Best Regards, Phil
From: For users of askSam: A Free-form Information Manager
[mailto:[log in to unmask]] On Behalf Of Phil Schnyder
Sent: Wednesday, February 12, 2003 5:02 PM
To: [log in to unmask]
Subject: Re: Betr.: failed import of pdf file
TextPipe only works during import (and only on Text and HTML files). But it
does have pre-set functions to remove blank lines, remove spaces at the
beginning of lines, remove HTML tags, etc.
So although you can create filters for specific types of files, there are
also generic functions that will work on any type of file.
Hope this helps.
Perry, FL (The Silicon Swamp)
askSam: Turn Information into Searchable Databases
Try it at: http://www.askSam.com
On Wed, 12 Feb 2003 10:46:05 -0800, Bonnie Britt wrote:
>This is a characteristic of PDF files, and there's no obvious way
>to "make it pretty" in askSam or any other software outside of
>its native PDF format without wasting amazing amounts of time. If
>it is a text-based PDF (and not a graphic) I import the PDF file,
>warts and all, into askSam, then link to the original on the hard
>drive as a backup. I don't bother to clean up the pdf import
>since the text is there only to be searched. If and when it does
>come up of interest in a search, then it makes sense to look at
>the original for context, tables and images. If you wanted to
>clean it up a bit to save space etc., you could search through
>that imported document with ^p^p^p and replace that with ^p^p to
>eliminate some excess blank lines. That takes only a second.

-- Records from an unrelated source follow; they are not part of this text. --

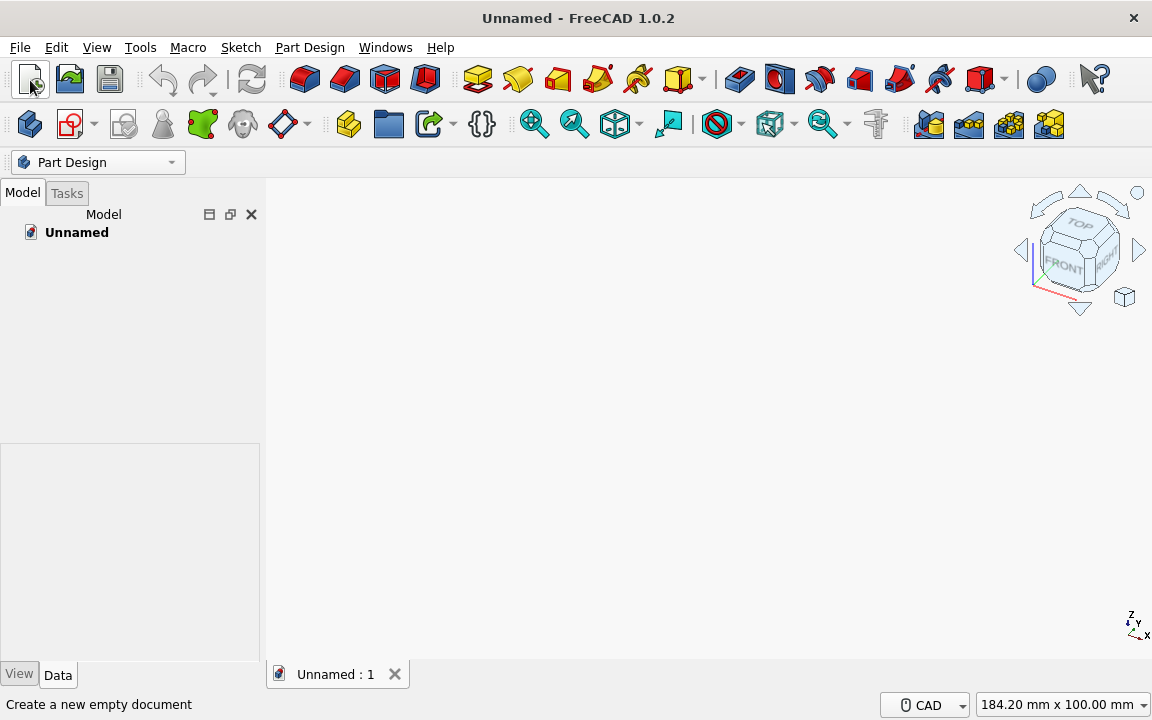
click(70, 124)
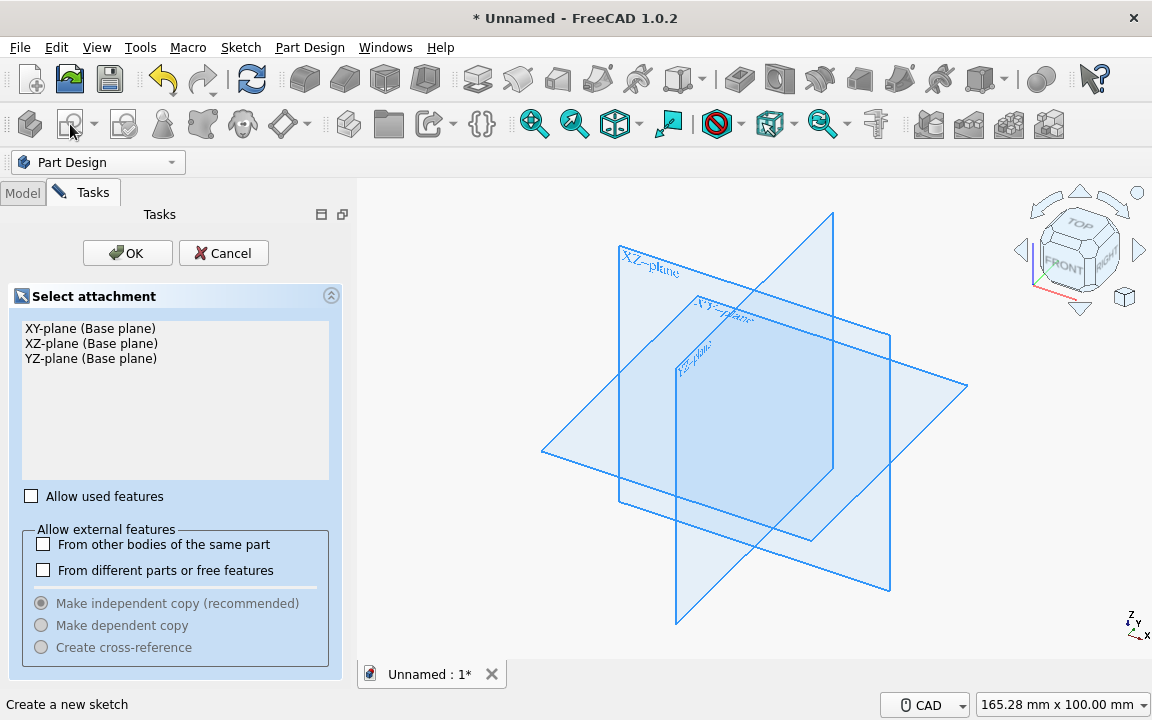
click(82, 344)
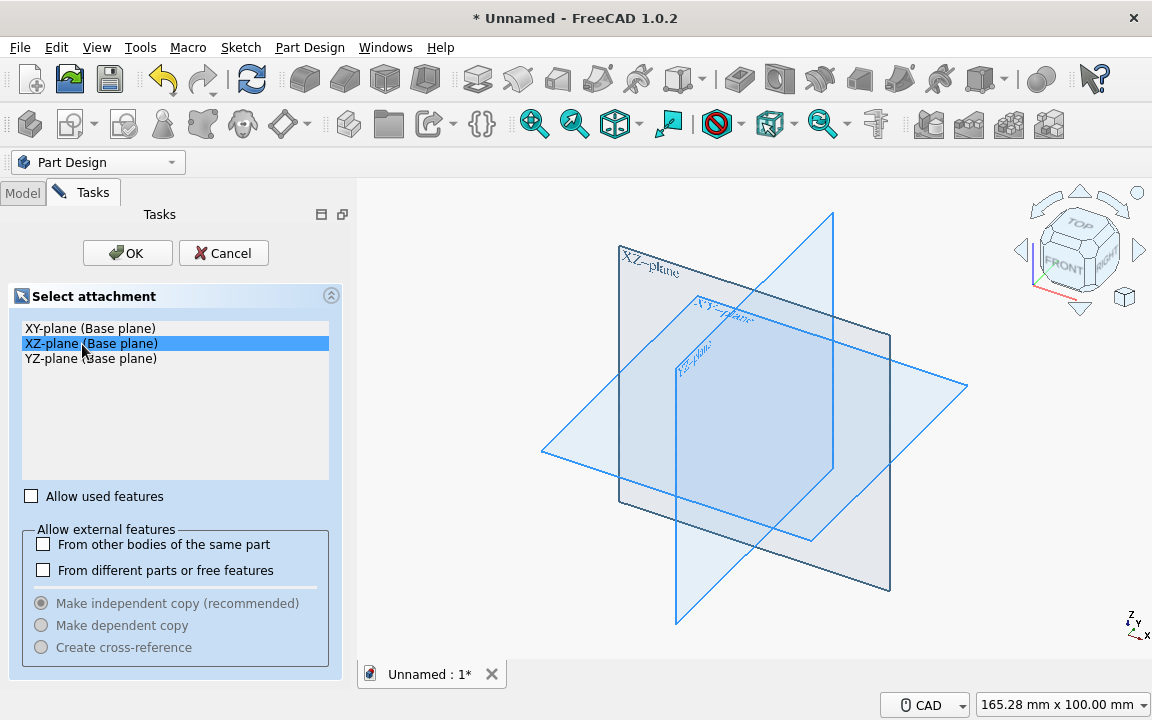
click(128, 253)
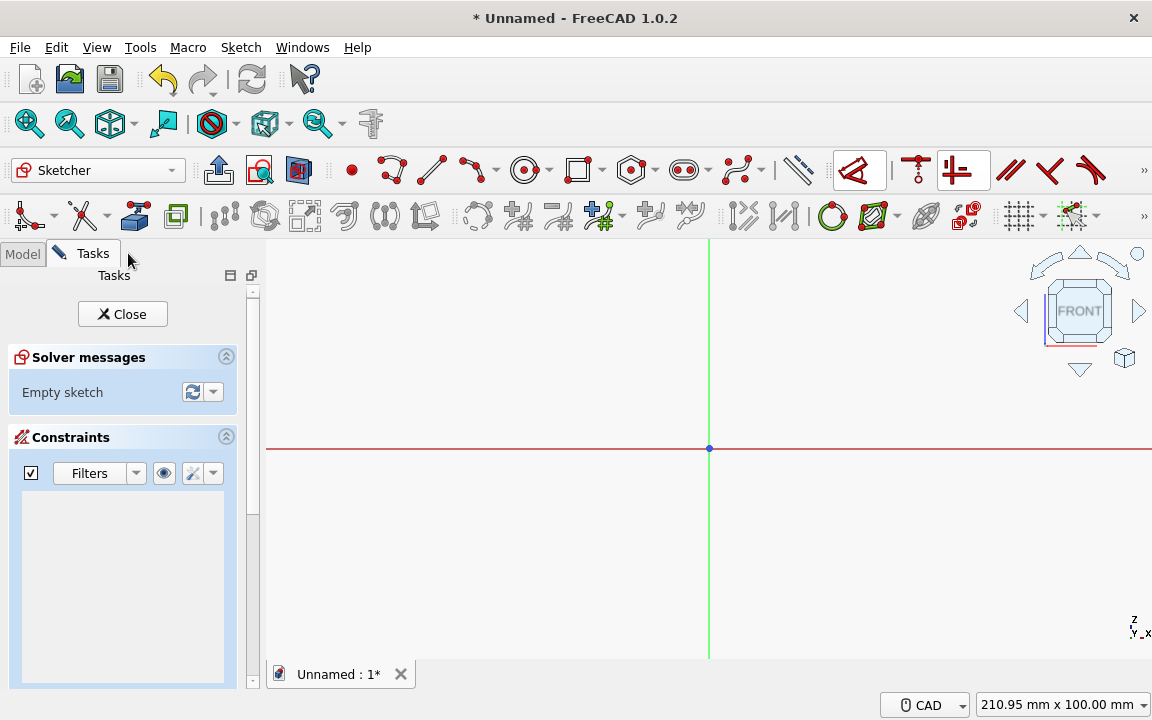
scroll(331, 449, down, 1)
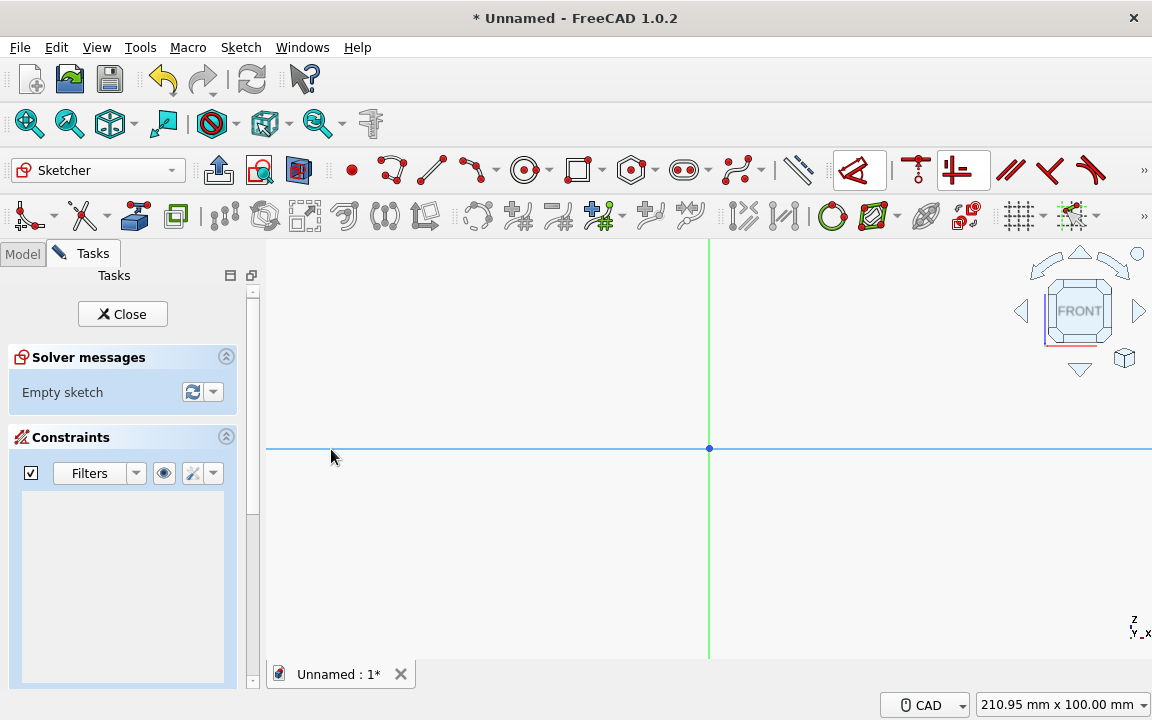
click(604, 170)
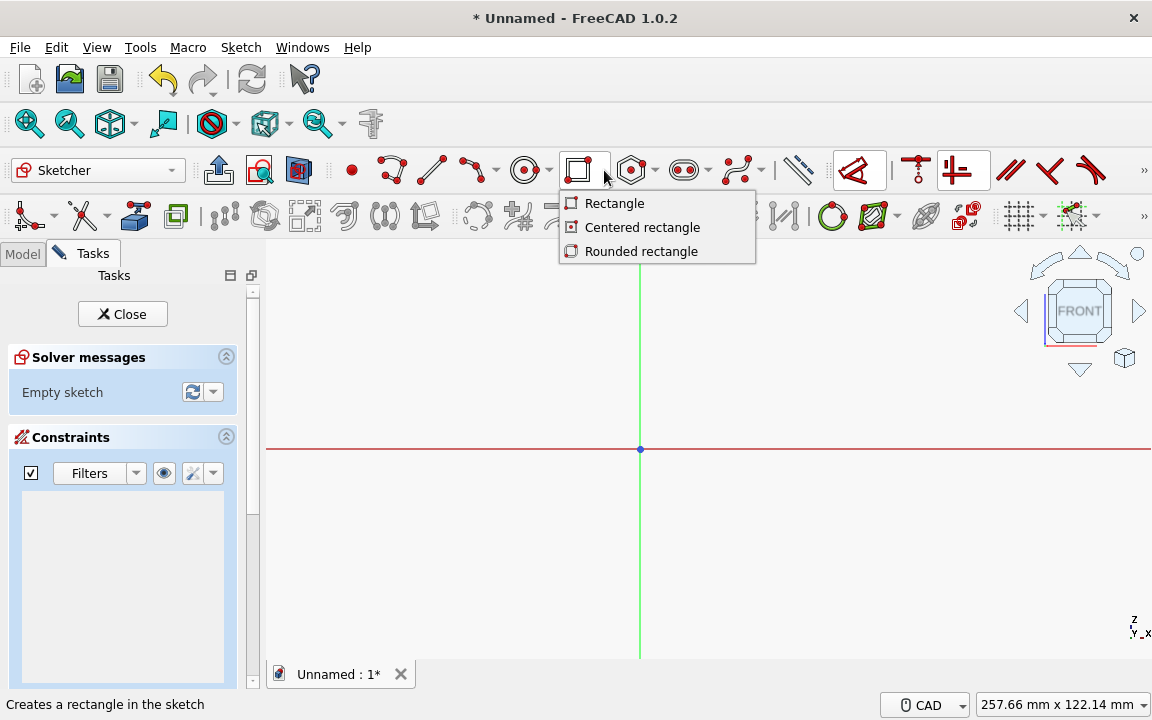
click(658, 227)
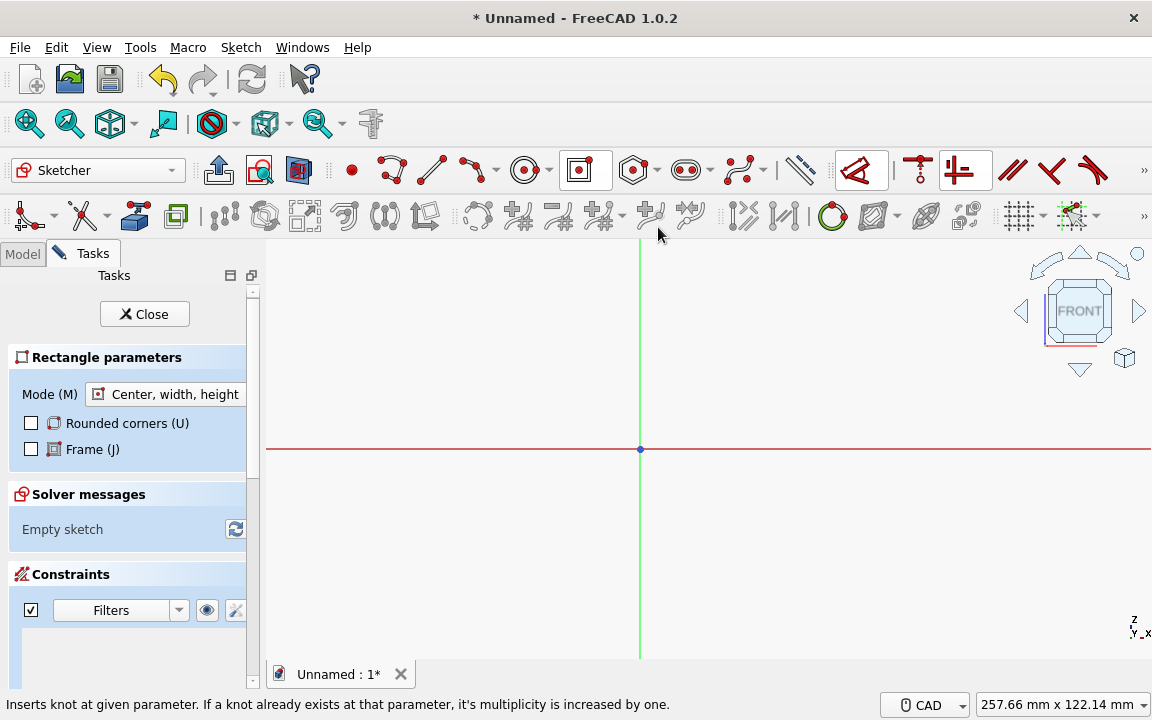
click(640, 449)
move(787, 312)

>Is anyone using the new Textpipe thingie, and if so, does it save time when
>cleanup is desirable? Is it useful only when importing documents formatted
>in the same manner? Or, does it require new sets of instructions for new
>of documents formatted every which way?
>From: "Frank Thomas" <[log in to unmask]>
>| But there is a nother reason that made me hesitate to import pdf-files:
>| You need to post-treat the text quite a lot as there are numerous empty
>| lines, change of character size or style etc. And of course the
>| question of tables and of images.